This opinion will be unpublished and

may not be cited except as provided by

Minn. Stat. § 480A.08, subd. 3 (2004).







Joseph William Schulz,






State of Minnesota,




Filed February 7, 2006

Reversed and remanded
Klaphake, Judge


Lyon County District Court

File No. K6-03-681


John M. Stuart, State Public Defender, Benjamin J. Butler, Assistant State Public Defender, 2221 University Avenue Southeast, Suite 425, Minneapolis, MN  55414 (for appellant)


Mike Hatch, Attorney General, 1800 Bremer Tower, 445 Minnesota Street, St. Paul, MN  55101-2134; and


Richard R. Maes, Lyon County Attorney, Lyon County Government Center, 607 West Main Street, Marshall, MN  56258 (for respondent)

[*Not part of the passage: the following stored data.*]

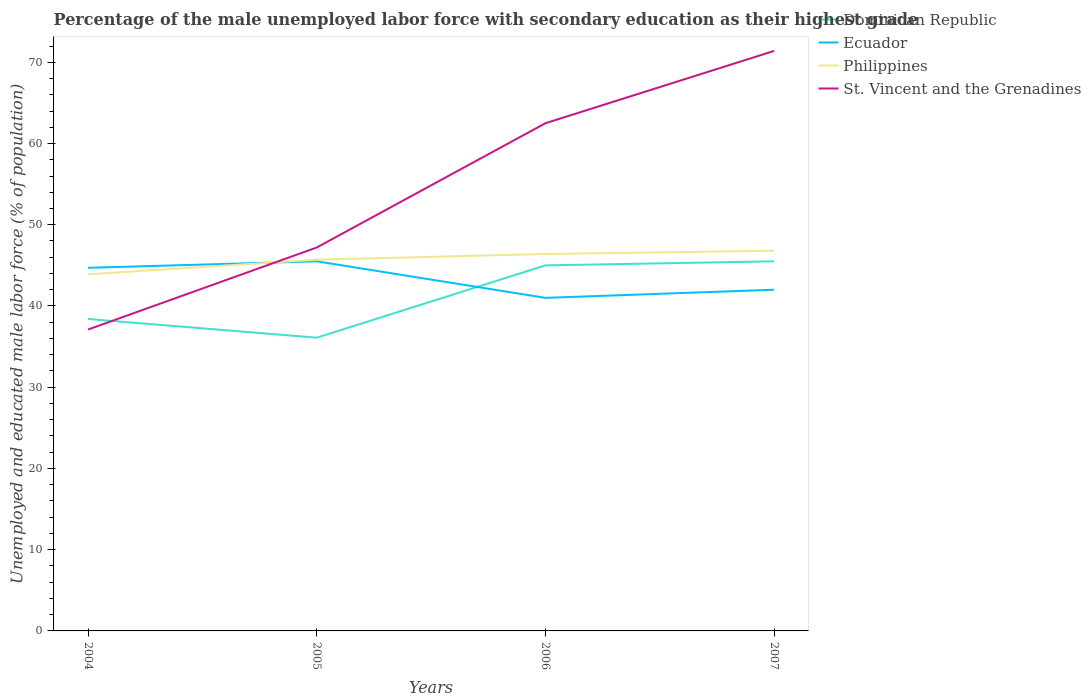How many different coloured lines are there?
Provide a short and direct response. 4. Does the line corresponding to Philippines intersect with the line corresponding to Ecuador?
Ensure brevity in your answer.  Yes. Is the number of lines equal to the number of legend labels?
Give a very brief answer. Yes. Across all years, what is the maximum percentage of the unemployed male labor force with secondary education in Dominican Republic?
Give a very brief answer. 36.1. In which year was the percentage of the unemployed male labor force with secondary education in Ecuador maximum?
Your answer should be very brief. 2006. What is the total percentage of the unemployed male labor force with secondary education in St. Vincent and the Grenadines in the graph?
Keep it short and to the point. -34.3. What is the difference between the highest and the lowest percentage of the unemployed male labor force with secondary education in Philippines?
Give a very brief answer. 3. Is the percentage of the unemployed male labor force with secondary education in St. Vincent and the Grenadines strictly greater than the percentage of the unemployed male labor force with secondary education in Dominican Republic over the years?
Keep it short and to the point. No. How many lines are there?
Ensure brevity in your answer.  4. What is the difference between two consecutive major ticks on the Y-axis?
Make the answer very short. 10. Are the values on the major ticks of Y-axis written in scientific E-notation?
Offer a terse response. No. Does the graph contain any zero values?
Offer a very short reply. No. Does the graph contain grids?
Ensure brevity in your answer.  No. Where does the legend appear in the graph?
Offer a very short reply. Top right. How many legend labels are there?
Make the answer very short. 4. How are the legend labels stacked?
Your response must be concise. Vertical. What is the title of the graph?
Offer a terse response. Percentage of the male unemployed labor force with secondary education as their highest grade. What is the label or title of the Y-axis?
Provide a succinct answer. Unemployed and educated male labor force (% of population). What is the Unemployed and educated male labor force (% of population) of Dominican Republic in 2004?
Make the answer very short. 38.4. What is the Unemployed and educated male labor force (% of population) of Ecuador in 2004?
Offer a terse response. 44.7. What is the Unemployed and educated male labor force (% of population) in Philippines in 2004?
Offer a terse response. 43.9. What is the Unemployed and educated male labor force (% of population) of St. Vincent and the Grenadines in 2004?
Your answer should be very brief. 37.1. What is the Unemployed and educated male labor force (% of population) of Dominican Republic in 2005?
Your answer should be compact. 36.1. What is the Unemployed and educated male labor force (% of population) of Ecuador in 2005?
Offer a terse response. 45.5. What is the Unemployed and educated male labor force (% of population) in Philippines in 2005?
Your answer should be very brief. 45.7. What is the Unemployed and educated male labor force (% of population) in St. Vincent and the Grenadines in 2005?
Keep it short and to the point. 47.2. What is the Unemployed and educated male labor force (% of population) of Dominican Republic in 2006?
Your answer should be very brief. 45. What is the Unemployed and educated male labor force (% of population) in Philippines in 2006?
Offer a terse response. 46.4. What is the Unemployed and educated male labor force (% of population) of St. Vincent and the Grenadines in 2006?
Provide a short and direct response. 62.5. What is the Unemployed and educated male labor force (% of population) in Dominican Republic in 2007?
Offer a very short reply. 45.5. What is the Unemployed and educated male labor force (% of population) in Philippines in 2007?
Your response must be concise. 46.8. What is the Unemployed and educated male labor force (% of population) in St. Vincent and the Grenadines in 2007?
Offer a very short reply. 71.4. Across all years, what is the maximum Unemployed and educated male labor force (% of population) in Dominican Republic?
Ensure brevity in your answer.  45.5. Across all years, what is the maximum Unemployed and educated male labor force (% of population) in Ecuador?
Give a very brief answer. 45.5. Across all years, what is the maximum Unemployed and educated male labor force (% of population) of Philippines?
Give a very brief answer. 46.8. Across all years, what is the maximum Unemployed and educated male labor force (% of population) in St. Vincent and the Grenadines?
Your response must be concise. 71.4. Across all years, what is the minimum Unemployed and educated male labor force (% of population) in Dominican Republic?
Give a very brief answer. 36.1. Across all years, what is the minimum Unemployed and educated male labor force (% of population) in Philippines?
Make the answer very short. 43.9. Across all years, what is the minimum Unemployed and educated male labor force (% of population) in St. Vincent and the Grenadines?
Ensure brevity in your answer.  37.1. What is the total Unemployed and educated male labor force (% of population) in Dominican Republic in the graph?
Offer a terse response. 165. What is the total Unemployed and educated male labor force (% of population) of Ecuador in the graph?
Your answer should be very brief. 173.2. What is the total Unemployed and educated male labor force (% of population) of Philippines in the graph?
Offer a terse response. 182.8. What is the total Unemployed and educated male labor force (% of population) of St. Vincent and the Grenadines in the graph?
Provide a succinct answer. 218.2. What is the difference between the Unemployed and educated male labor force (% of population) of Ecuador in 2004 and that in 2006?
Your answer should be compact. 3.7. What is the difference between the Unemployed and educated male labor force (% of population) in St. Vincent and the Grenadines in 2004 and that in 2006?
Your answer should be very brief. -25.4. What is the difference between the Unemployed and educated male labor force (% of population) in Ecuador in 2004 and that in 2007?
Your answer should be compact. 2.7. What is the difference between the Unemployed and educated male labor force (% of population) of St. Vincent and the Grenadines in 2004 and that in 2007?
Make the answer very short. -34.3. What is the difference between the Unemployed and educated male labor force (% of population) of Dominican Republic in 2005 and that in 2006?
Your response must be concise. -8.9. What is the difference between the Unemployed and educated male labor force (% of population) of Ecuador in 2005 and that in 2006?
Ensure brevity in your answer.  4.5. What is the difference between the Unemployed and educated male labor force (% of population) in St. Vincent and the Grenadines in 2005 and that in 2006?
Offer a very short reply. -15.3. What is the difference between the Unemployed and educated male labor force (% of population) of Dominican Republic in 2005 and that in 2007?
Make the answer very short. -9.4. What is the difference between the Unemployed and educated male labor force (% of population) of St. Vincent and the Grenadines in 2005 and that in 2007?
Keep it short and to the point. -24.2. What is the difference between the Unemployed and educated male labor force (% of population) in Dominican Republic in 2006 and that in 2007?
Offer a very short reply. -0.5. What is the difference between the Unemployed and educated male labor force (% of population) of St. Vincent and the Grenadines in 2006 and that in 2007?
Your response must be concise. -8.9. What is the difference between the Unemployed and educated male labor force (% of population) in Dominican Republic in 2004 and the Unemployed and educated male labor force (% of population) in Ecuador in 2005?
Give a very brief answer. -7.1. What is the difference between the Unemployed and educated male labor force (% of population) of Dominican Republic in 2004 and the Unemployed and educated male labor force (% of population) of St. Vincent and the Grenadines in 2005?
Your response must be concise. -8.8. What is the difference between the Unemployed and educated male labor force (% of population) of Dominican Republic in 2004 and the Unemployed and educated male labor force (% of population) of Philippines in 2006?
Make the answer very short. -8. What is the difference between the Unemployed and educated male labor force (% of population) of Dominican Republic in 2004 and the Unemployed and educated male labor force (% of population) of St. Vincent and the Grenadines in 2006?
Your answer should be very brief. -24.1. What is the difference between the Unemployed and educated male labor force (% of population) of Ecuador in 2004 and the Unemployed and educated male labor force (% of population) of Philippines in 2006?
Ensure brevity in your answer.  -1.7. What is the difference between the Unemployed and educated male labor force (% of population) of Ecuador in 2004 and the Unemployed and educated male labor force (% of population) of St. Vincent and the Grenadines in 2006?
Your response must be concise. -17.8. What is the difference between the Unemployed and educated male labor force (% of population) in Philippines in 2004 and the Unemployed and educated male labor force (% of population) in St. Vincent and the Grenadines in 2006?
Make the answer very short. -18.6. What is the difference between the Unemployed and educated male labor force (% of population) of Dominican Republic in 2004 and the Unemployed and educated male labor force (% of population) of Ecuador in 2007?
Offer a very short reply. -3.6. What is the difference between the Unemployed and educated male labor force (% of population) of Dominican Republic in 2004 and the Unemployed and educated male labor force (% of population) of St. Vincent and the Grenadines in 2007?
Your answer should be very brief. -33. What is the difference between the Unemployed and educated male labor force (% of population) in Ecuador in 2004 and the Unemployed and educated male labor force (% of population) in Philippines in 2007?
Your answer should be compact. -2.1. What is the difference between the Unemployed and educated male labor force (% of population) in Ecuador in 2004 and the Unemployed and educated male labor force (% of population) in St. Vincent and the Grenadines in 2007?
Your answer should be compact. -26.7. What is the difference between the Unemployed and educated male labor force (% of population) in Philippines in 2004 and the Unemployed and educated male labor force (% of population) in St. Vincent and the Grenadines in 2007?
Provide a short and direct response. -27.5. What is the difference between the Unemployed and educated male labor force (% of population) of Dominican Republic in 2005 and the Unemployed and educated male labor force (% of population) of Ecuador in 2006?
Ensure brevity in your answer.  -4.9. What is the difference between the Unemployed and educated male labor force (% of population) of Dominican Republic in 2005 and the Unemployed and educated male labor force (% of population) of St. Vincent and the Grenadines in 2006?
Your answer should be compact. -26.4. What is the difference between the Unemployed and educated male labor force (% of population) of Ecuador in 2005 and the Unemployed and educated male labor force (% of population) of St. Vincent and the Grenadines in 2006?
Keep it short and to the point. -17. What is the difference between the Unemployed and educated male labor force (% of population) in Philippines in 2005 and the Unemployed and educated male labor force (% of population) in St. Vincent and the Grenadines in 2006?
Keep it short and to the point. -16.8. What is the difference between the Unemployed and educated male labor force (% of population) in Dominican Republic in 2005 and the Unemployed and educated male labor force (% of population) in Philippines in 2007?
Keep it short and to the point. -10.7. What is the difference between the Unemployed and educated male labor force (% of population) of Dominican Republic in 2005 and the Unemployed and educated male labor force (% of population) of St. Vincent and the Grenadines in 2007?
Your answer should be compact. -35.3. What is the difference between the Unemployed and educated male labor force (% of population) of Ecuador in 2005 and the Unemployed and educated male labor force (% of population) of St. Vincent and the Grenadines in 2007?
Give a very brief answer. -25.9. What is the difference between the Unemployed and educated male labor force (% of population) of Philippines in 2005 and the Unemployed and educated male labor force (% of population) of St. Vincent and the Grenadines in 2007?
Your answer should be very brief. -25.7. What is the difference between the Unemployed and educated male labor force (% of population) of Dominican Republic in 2006 and the Unemployed and educated male labor force (% of population) of Ecuador in 2007?
Ensure brevity in your answer.  3. What is the difference between the Unemployed and educated male labor force (% of population) in Dominican Republic in 2006 and the Unemployed and educated male labor force (% of population) in Philippines in 2007?
Offer a very short reply. -1.8. What is the difference between the Unemployed and educated male labor force (% of population) of Dominican Republic in 2006 and the Unemployed and educated male labor force (% of population) of St. Vincent and the Grenadines in 2007?
Provide a short and direct response. -26.4. What is the difference between the Unemployed and educated male labor force (% of population) of Ecuador in 2006 and the Unemployed and educated male labor force (% of population) of Philippines in 2007?
Make the answer very short. -5.8. What is the difference between the Unemployed and educated male labor force (% of population) in Ecuador in 2006 and the Unemployed and educated male labor force (% of population) in St. Vincent and the Grenadines in 2007?
Make the answer very short. -30.4. What is the difference between the Unemployed and educated male labor force (% of population) in Philippines in 2006 and the Unemployed and educated male labor force (% of population) in St. Vincent and the Grenadines in 2007?
Make the answer very short. -25. What is the average Unemployed and educated male labor force (% of population) in Dominican Republic per year?
Ensure brevity in your answer.  41.25. What is the average Unemployed and educated male labor force (% of population) of Ecuador per year?
Keep it short and to the point. 43.3. What is the average Unemployed and educated male labor force (% of population) of Philippines per year?
Offer a terse response. 45.7. What is the average Unemployed and educated male labor force (% of population) of St. Vincent and the Grenadines per year?
Keep it short and to the point. 54.55. In the year 2004, what is the difference between the Unemployed and educated male labor force (% of population) in Dominican Republic and Unemployed and educated male labor force (% of population) in Ecuador?
Make the answer very short. -6.3. In the year 2004, what is the difference between the Unemployed and educated male labor force (% of population) of Dominican Republic and Unemployed and educated male labor force (% of population) of St. Vincent and the Grenadines?
Make the answer very short. 1.3. In the year 2004, what is the difference between the Unemployed and educated male labor force (% of population) of Ecuador and Unemployed and educated male labor force (% of population) of Philippines?
Your answer should be very brief. 0.8. In the year 2004, what is the difference between the Unemployed and educated male labor force (% of population) of Ecuador and Unemployed and educated male labor force (% of population) of St. Vincent and the Grenadines?
Ensure brevity in your answer.  7.6. In the year 2005, what is the difference between the Unemployed and educated male labor force (% of population) in Dominican Republic and Unemployed and educated male labor force (% of population) in Philippines?
Make the answer very short. -9.6. In the year 2005, what is the difference between the Unemployed and educated male labor force (% of population) in Dominican Republic and Unemployed and educated male labor force (% of population) in St. Vincent and the Grenadines?
Offer a very short reply. -11.1. In the year 2006, what is the difference between the Unemployed and educated male labor force (% of population) of Dominican Republic and Unemployed and educated male labor force (% of population) of Ecuador?
Your answer should be very brief. 4. In the year 2006, what is the difference between the Unemployed and educated male labor force (% of population) in Dominican Republic and Unemployed and educated male labor force (% of population) in St. Vincent and the Grenadines?
Your response must be concise. -17.5. In the year 2006, what is the difference between the Unemployed and educated male labor force (% of population) in Ecuador and Unemployed and educated male labor force (% of population) in St. Vincent and the Grenadines?
Provide a short and direct response. -21.5. In the year 2006, what is the difference between the Unemployed and educated male labor force (% of population) in Philippines and Unemployed and educated male labor force (% of population) in St. Vincent and the Grenadines?
Your response must be concise. -16.1. In the year 2007, what is the difference between the Unemployed and educated male labor force (% of population) of Dominican Republic and Unemployed and educated male labor force (% of population) of Philippines?
Provide a short and direct response. -1.3. In the year 2007, what is the difference between the Unemployed and educated male labor force (% of population) in Dominican Republic and Unemployed and educated male labor force (% of population) in St. Vincent and the Grenadines?
Your response must be concise. -25.9. In the year 2007, what is the difference between the Unemployed and educated male labor force (% of population) in Ecuador and Unemployed and educated male labor force (% of population) in Philippines?
Your answer should be compact. -4.8. In the year 2007, what is the difference between the Unemployed and educated male labor force (% of population) of Ecuador and Unemployed and educated male labor force (% of population) of St. Vincent and the Grenadines?
Offer a terse response. -29.4. In the year 2007, what is the difference between the Unemployed and educated male labor force (% of population) of Philippines and Unemployed and educated male labor force (% of population) of St. Vincent and the Grenadines?
Your answer should be very brief. -24.6. What is the ratio of the Unemployed and educated male labor force (% of population) of Dominican Republic in 2004 to that in 2005?
Your answer should be compact. 1.06. What is the ratio of the Unemployed and educated male labor force (% of population) in Ecuador in 2004 to that in 2005?
Give a very brief answer. 0.98. What is the ratio of the Unemployed and educated male labor force (% of population) in Philippines in 2004 to that in 2005?
Make the answer very short. 0.96. What is the ratio of the Unemployed and educated male labor force (% of population) in St. Vincent and the Grenadines in 2004 to that in 2005?
Keep it short and to the point. 0.79. What is the ratio of the Unemployed and educated male labor force (% of population) in Dominican Republic in 2004 to that in 2006?
Offer a terse response. 0.85. What is the ratio of the Unemployed and educated male labor force (% of population) of Ecuador in 2004 to that in 2006?
Ensure brevity in your answer.  1.09. What is the ratio of the Unemployed and educated male labor force (% of population) of Philippines in 2004 to that in 2006?
Keep it short and to the point. 0.95. What is the ratio of the Unemployed and educated male labor force (% of population) in St. Vincent and the Grenadines in 2004 to that in 2006?
Your response must be concise. 0.59. What is the ratio of the Unemployed and educated male labor force (% of population) in Dominican Republic in 2004 to that in 2007?
Offer a terse response. 0.84. What is the ratio of the Unemployed and educated male labor force (% of population) in Ecuador in 2004 to that in 2007?
Make the answer very short. 1.06. What is the ratio of the Unemployed and educated male labor force (% of population) of Philippines in 2004 to that in 2007?
Give a very brief answer. 0.94. What is the ratio of the Unemployed and educated male labor force (% of population) in St. Vincent and the Grenadines in 2004 to that in 2007?
Your answer should be very brief. 0.52. What is the ratio of the Unemployed and educated male labor force (% of population) of Dominican Republic in 2005 to that in 2006?
Offer a terse response. 0.8. What is the ratio of the Unemployed and educated male labor force (% of population) of Ecuador in 2005 to that in 2006?
Keep it short and to the point. 1.11. What is the ratio of the Unemployed and educated male labor force (% of population) of Philippines in 2005 to that in 2006?
Provide a short and direct response. 0.98. What is the ratio of the Unemployed and educated male labor force (% of population) in St. Vincent and the Grenadines in 2005 to that in 2006?
Offer a terse response. 0.76. What is the ratio of the Unemployed and educated male labor force (% of population) of Dominican Republic in 2005 to that in 2007?
Provide a short and direct response. 0.79. What is the ratio of the Unemployed and educated male labor force (% of population) in Ecuador in 2005 to that in 2007?
Offer a very short reply. 1.08. What is the ratio of the Unemployed and educated male labor force (% of population) of Philippines in 2005 to that in 2007?
Ensure brevity in your answer.  0.98. What is the ratio of the Unemployed and educated male labor force (% of population) of St. Vincent and the Grenadines in 2005 to that in 2007?
Your response must be concise. 0.66. What is the ratio of the Unemployed and educated male labor force (% of population) of Dominican Republic in 2006 to that in 2007?
Make the answer very short. 0.99. What is the ratio of the Unemployed and educated male labor force (% of population) in Ecuador in 2006 to that in 2007?
Your answer should be compact. 0.98. What is the ratio of the Unemployed and educated male labor force (% of population) of Philippines in 2006 to that in 2007?
Your answer should be very brief. 0.99. What is the ratio of the Unemployed and educated male labor force (% of population) in St. Vincent and the Grenadines in 2006 to that in 2007?
Your answer should be very brief. 0.88. What is the difference between the highest and the second highest Unemployed and educated male labor force (% of population) of Philippines?
Offer a terse response. 0.4. What is the difference between the highest and the lowest Unemployed and educated male labor force (% of population) in Dominican Republic?
Make the answer very short. 9.4. What is the difference between the highest and the lowest Unemployed and educated male labor force (% of population) in Ecuador?
Give a very brief answer. 4.5. What is the difference between the highest and the lowest Unemployed and educated male labor force (% of population) in St. Vincent and the Grenadines?
Offer a very short reply. 34.3.

            Considered and decided by Klaphake, Presiding Judge, Peterson, Judge, and Hudson, Judge.

U N P U B L I S H E D   O P I N I O N


            Appellant Joseph William Schulz challenges the district court’s denial of his petition for postconviction relief from his sentence for second-degree criminal sexual conduct under Minn. Stat. § 609.343 (2002).  The district court imposed a 102-month sentence, a double durational departure from the presumptive 51-month sentence.  Because the district court violated appellant’s Sixth Amendment rights by imposing an upward durational departure based on judicially found facts, the postconviction court erred by denying appellant’s petition.  We therefore reverse and remand to the district court for sentencing consistent with this opinion.


            The United States Supreme Court has held that “‘any fact that increases the penalty for a crime beyond the prescribed statutory maximum must be submitted to a jury’” and that the statutory maximum is the sentence that can be imposed without making additional findings.  Blakely v. Washington, 542 U.S. 296, 301, 124 S. Ct. 2531, 2536 (2004) (quoting Apprendi v. New Jersey, 530 U.S. 466, 490, 120 S. Ct. 2348, 2362-63 (2000)).  Applying Blakely,the Minnesota Supreme Court has concluded that an upward durational departure from the presumptive sentence under the sentencing guidelines based on factors not decided by a jury violates a defendant’s Sixth Amendment rights.  State v. Shattuck, 704 N.W.2d 131, 141 (Minn. 2005).  Specifically, a departure from the presumptive sentence may not be imposed when “the court finds facts beyond the elements of the offense and [when] the verdict or guilty plea alone does not authorize the enhanced sentence.”  Id. at 141-42 (citation omitted).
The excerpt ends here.